There's only crisp, clear blue sky at the top of the smoke stacks this
morning, but my nose wrinkles involuntarily as sulfur-rich coal smoke
wafts
in on the breeze occasionally from chimneys of the row of one story brick
houses tucked in next to our five story apartment block.
We look down directly into their courtyard - a pacing German Shepherd
(not
common to see such large dogs here), a small vegetable garden with greens
and green onions, potted aloe plants, stockpiled red roof tiles, laundry
flapping in the breeze and a family going about their morning teeth
brushing and face washing .
In the distance it sounds as though an English bobby is having trouble
controlling a busy intersection - constantly blowing his metal whistle.
The
whistle comes closer and I fear that some frenzied elementary school gym
teacher is roaming the streets. Finally a backwards tricycle cart (two
wheels on the front) rolls into view with a huge loaf of tofu and
plastic
soda bottles filled with hot soy milk. The whistle, clamped securely in
the
merchant's mouth, peals with each breath out. She stops at each
restaurant,
and also for suit-clad, cell phone-toting apartment dwellers that walk
down
and meet her on the street, cutting a block off the loaf and weighing it
on
a beam scale.
We completed training on Friday and our six straw-bale teams returned to
their home villages in Inner Mongolia, Jilin, Liao Ning and Heilongjiang
provinces, each with their own design, ready to begin their foundations.

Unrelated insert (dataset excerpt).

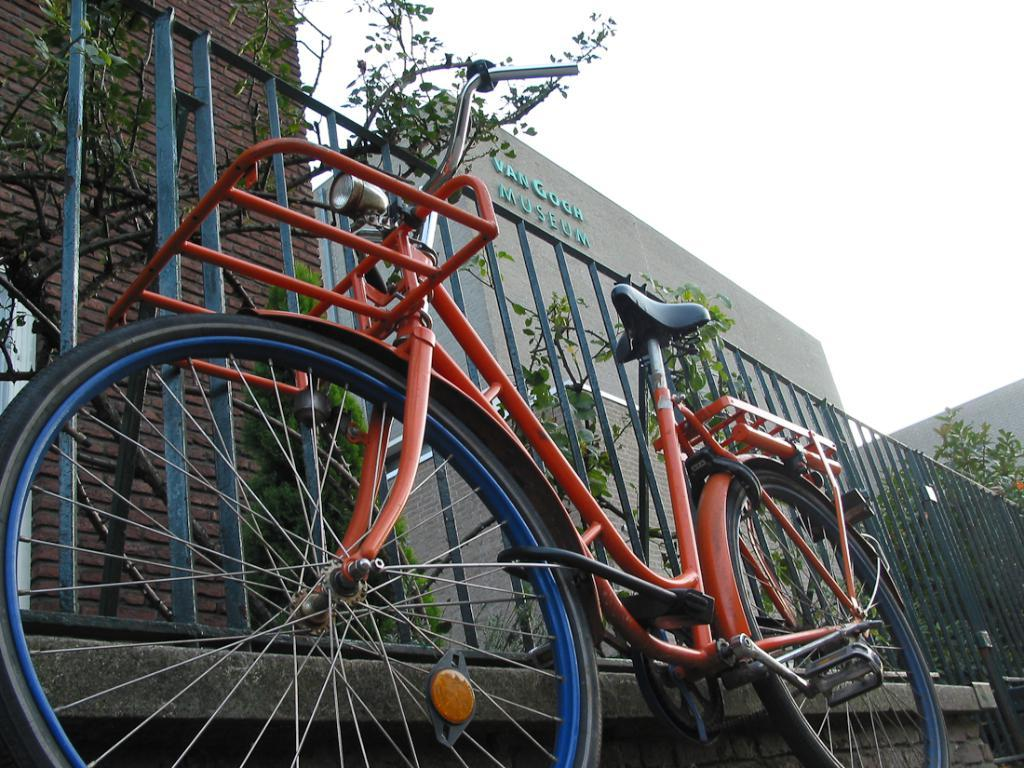What is the main object in the image? There is a bicycle in the image. What is located beside the bicycle? There is a fence beside the bicycle. What can be seen in the distance in the image? There are buildings, trees, and the sky visible in the background of the image. What type of feeling does the boot have in the image? There is no boot present in the image, so it is not possible to determine any feelings associated with it.

While they start building, Amy, Paul and I will map out an illustrated
training manual based on the training and Chinese designs that have
evolved
over the last four years. Amy drew diagrams furiously throughout the
training and will be taking digital photos to illustrate each phase of
construction and then laying the whole thing out.
I'm accustomed to doing this alone and it's refreshing and reassuring to
have both of them here - Paul to bounce around construction details with
and Amy to pull together the manual. For a rest on Saturday, we all took
off to the nearby forested hills which eventually roll into Siberia.
Traveling with them is like seeing China through new eyes.
After getting all the requisite stamped slips of tissue-paper-thin
permissions, we took off in two red taxis. Weaving between bicycles,
horse
carts, tiny bread-box taxi vans, tractors pulling carts, walking
tractors,
bicycle carts, blue 2-ton trucks, bicycle rickshaws and pedestrians we
made
our way out of town. Less than four blocks from our apartment, the five
and
two story buildings gave way to one story brick houses with red tile
roofs.
Right along the railroad tracks we passed the coal yard - a pile at least
two acres and 20 feet high. Men with shovels were loading coal into blue
trucks and onto donkey carts. It costs 150 RMB/tonne (2200 lbs.) - about
84
cents per 100 lbs. Our new little straw-bale houses reduce coal use by
about 50% (to less than 2 tonnes/winter), but the attached brick, steel
and
plastic greenhouses use 10 tonnes per winter. We're working on a
straw-bale
version.
Just a kilometer beyond the coal yard, our road broke free from the rows
of
brick houses and the view opened up to miles and miles of bottom land
rice
paddies. The road itself was lined with irrigation canals and poplar
trees
with the first four feet of trunk painted white. I've seen this all over
China, but never gotten a good explanation - maybe it's just a government
policy? Most of the paddies were already planted with four inch high
sprouts poking up out of the water in neat rows.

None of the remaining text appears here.